The final interaction I want to look at today is how the university, as a privatized “community member,” interacts with communities that are also undergoing neoliberalization at a local level. In Oshawa, where I’m from, UoIT has had a big role in the downtown’s “revitalization.” This is a project undertaken by businesses and city council in reaction to the closure of the manufacturing businesses that were once the city’s primary employers. As has already happened to Toronto and Hamilton, Oshawa is becoming “creative.” Sex workers and, more broadly, the sex industry – strip clubs, dildo and porn stores, massage parlours – have been one of several targets for cleanup, which also include social services and homeless shelters. So as UoIT moves downtown, and the culture downtown is reconfigured to serve both students, imagined as a population of young, white workers-to-be, and the existing “creative class” (that’s people who work in health care, design, arts, anything that has more to do with making knowledge than with the “non-creative” labour of manufacturing or service); as this is happening, zoning laws are being changed to push social services, including the John Howard Society and the AIDS Network, the only places with services specifically for sex workers, out of the area. (I think, in Oshawa’s imagination, the “right” place for these services to go is to Toronto, but that’s a longer argument than I have time for.) Already faced with funding instability, if they want to change locations (because their leases are up, or they need more space, or they need something cheaper), they can’t relocate somewhere else downtown. The idea here is that the “undesirable” people – specifically constructed as undesireable company for UoIT’s and the “creative economy’s” target populations – will move with the social services.

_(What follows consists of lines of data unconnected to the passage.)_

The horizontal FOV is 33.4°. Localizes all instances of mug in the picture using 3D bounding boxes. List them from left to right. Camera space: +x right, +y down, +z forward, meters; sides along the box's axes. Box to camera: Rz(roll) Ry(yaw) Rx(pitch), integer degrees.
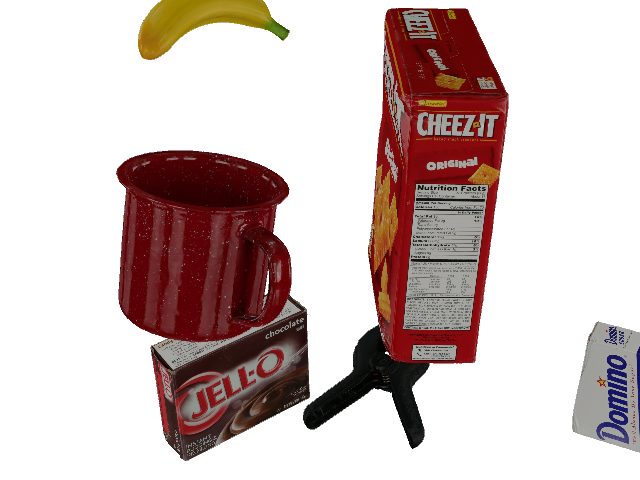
[{"bbox_3d":[-0.060,0.007,0.583,0.117,0.081,0.093,25,27,36],"label":"mug"}]

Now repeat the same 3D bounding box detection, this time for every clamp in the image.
[{"bbox_3d":[0.071,0.138,1.062,0.120,0.039,0.171,18,48,23],"label":"clamp"}]

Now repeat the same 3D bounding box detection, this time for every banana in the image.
[{"bbox_3d":[-0.109,-0.212,1.011,0.070,0.037,0.197,46,39,19],"label":"banana"}]

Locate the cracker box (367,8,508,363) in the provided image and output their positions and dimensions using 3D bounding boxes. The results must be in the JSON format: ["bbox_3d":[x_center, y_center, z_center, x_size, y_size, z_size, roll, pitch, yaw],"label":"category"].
[{"bbox_3d":[0.078,-0.042,0.784,0.072,0.214,0.164,0,31,-3],"label":"cracker box"}]

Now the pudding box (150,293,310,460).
[{"bbox_3d":[-0.063,0.096,0.771,0.113,0.090,0.039,-25,45,-27],"label":"pudding box"}]

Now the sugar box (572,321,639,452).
[{"bbox_3d":[0.299,0.135,0.864,0.176,0.093,0.048,13,25,20],"label":"sugar box"}]

For sex workers and for sex work researchers, these are communities that no longer have space for public sex or sexuality; that’s a facet of the homonormativity we talked about earlier. I’m going to close with one last example: an explanation of why this presentation has so few pictures. Not that I left it till the last minute or anything, but I made my power point this morning at the Coffee Culture on St. Paul St. To my suprise, the firewall there blocked all sexuality-themed websites: porn sites, feminist and queer blogs, sex worker sites. Because it is a “family-friendly” establishment, that knowledge was off-limits in public. I’m at a distance school, so instead of using a campus, I use a variety of online networks, including a site that’s a little like Facebook. So far, no one has complained about my blog posts about why anal sex is awesome and “check out this neat porn I saw,” but the university has a policy forbidding any use of AU’s computer networks to distribute pornography, nudity, or obscenity, except by “authorized faculty” doing so for the purposes of “serious” discussion. That policy regulates not only the kind of information that can be communicated, but also who can communicate it (reinforcing imbalances of power that can be very destructive in sexuality studies), how to respond to it and how to teach it. So one thing I’m curious about now, but didn’t have time to answer before class, is which businesses or buildings at Brock have computer networks that restrict porn access, or are there policies here restricting where and when and by whom sexual images can be consumed – we could investigate that as a kind of the “actually existing” sexual politics of neoliberalism affecting study, teaching, and research on sex work here.